▶ Task objective
In full and unchanged, set down the entries that follow, with no images.

▶ Supplied entries

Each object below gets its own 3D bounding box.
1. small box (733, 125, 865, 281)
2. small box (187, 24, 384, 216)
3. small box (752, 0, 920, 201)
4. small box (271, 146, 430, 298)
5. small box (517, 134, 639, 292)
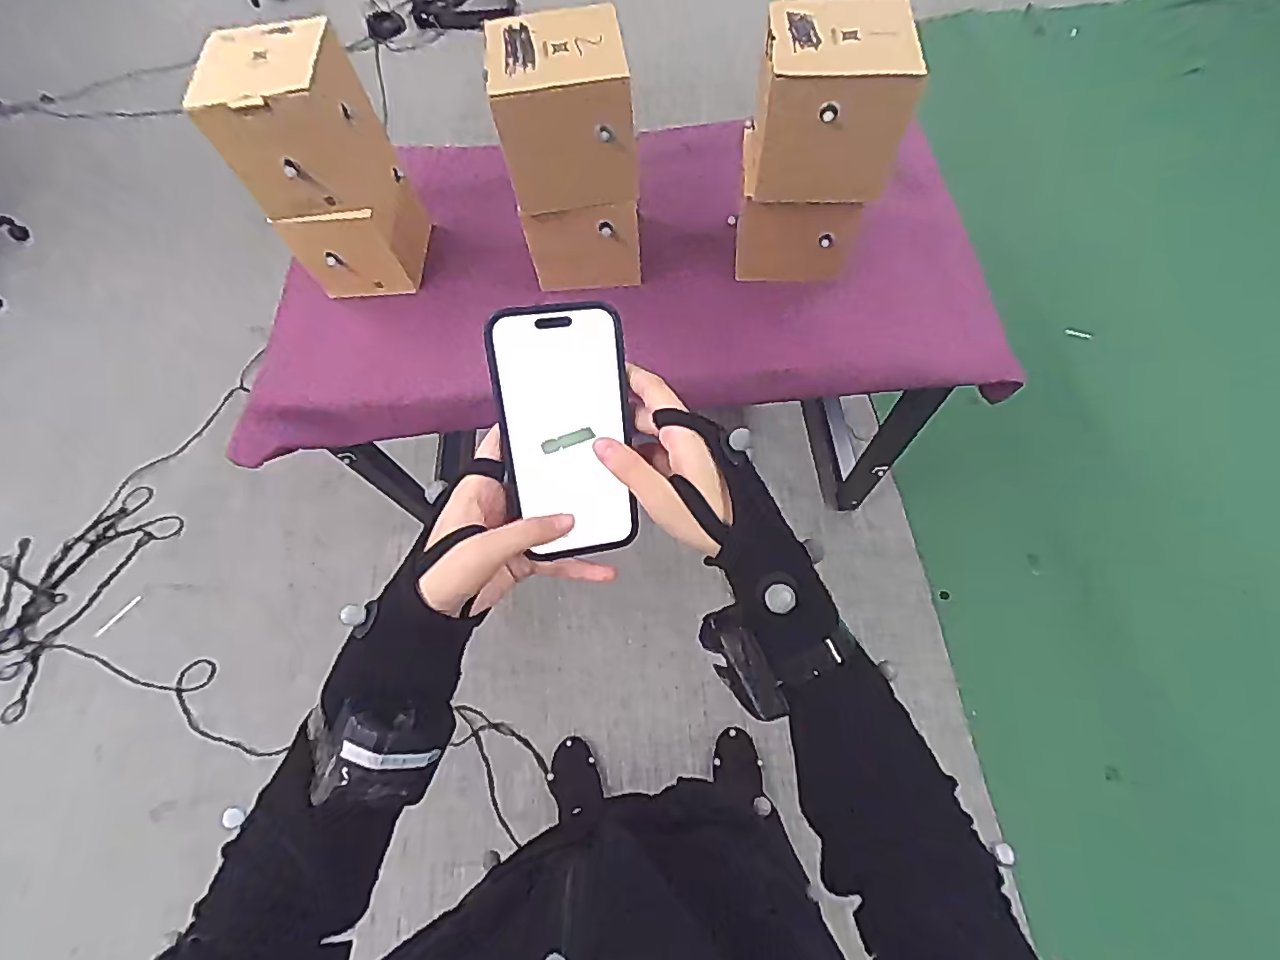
[{"bbox_3d":[0.247,-0.444,0.879,0.179,0.176,0.168,2,65,6],"label":"small box"},{"bbox_3d":[-0.495,-0.510,0.787,0.168,0.176,0.179,-7,65,0],"label":"small box"},{"bbox_3d":[0.244,-0.500,0.725,0.179,0.176,0.168,2,65,5],"label":"small box"},{"bbox_3d":[-0.483,-0.433,0.932,0.168,0.176,0.179,-3,65,3],"label":"small box"},{"bbox_3d":[-0.093,-0.438,0.902,0.179,0.176,0.168,-4,65,3],"label":"small box"}]
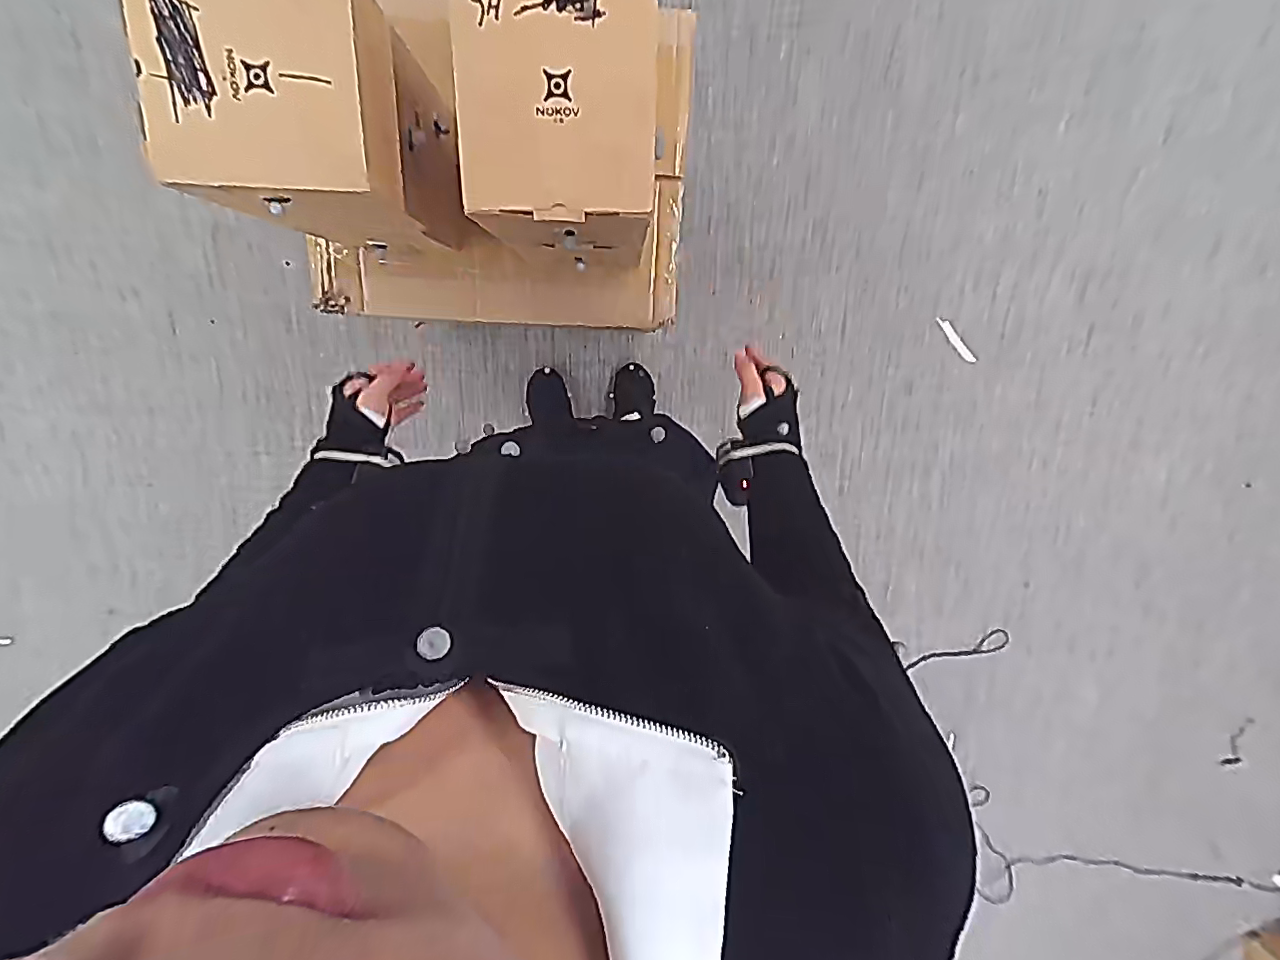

▶ Answer box
Each object below gets its own 3D bounding box.
1. small box (733, 125, 865, 281)
2. small box (187, 24, 384, 216)
3. small box (752, 0, 920, 201)
4. small box (271, 146, 430, 298)
5. small box (517, 134, 639, 292)
[{"bbox_3d":[0.247,-0.444,0.879,0.179,0.176,0.168,2,65,6],"label":"small box"},{"bbox_3d":[-0.495,-0.510,0.787,0.168,0.176,0.179,-7,65,0],"label":"small box"},{"bbox_3d":[0.244,-0.500,0.725,0.179,0.176,0.168,2,65,5],"label":"small box"},{"bbox_3d":[-0.483,-0.433,0.932,0.168,0.176,0.179,-3,65,3],"label":"small box"},{"bbox_3d":[-0.093,-0.438,0.902,0.179,0.176,0.168,-4,65,3],"label":"small box"}]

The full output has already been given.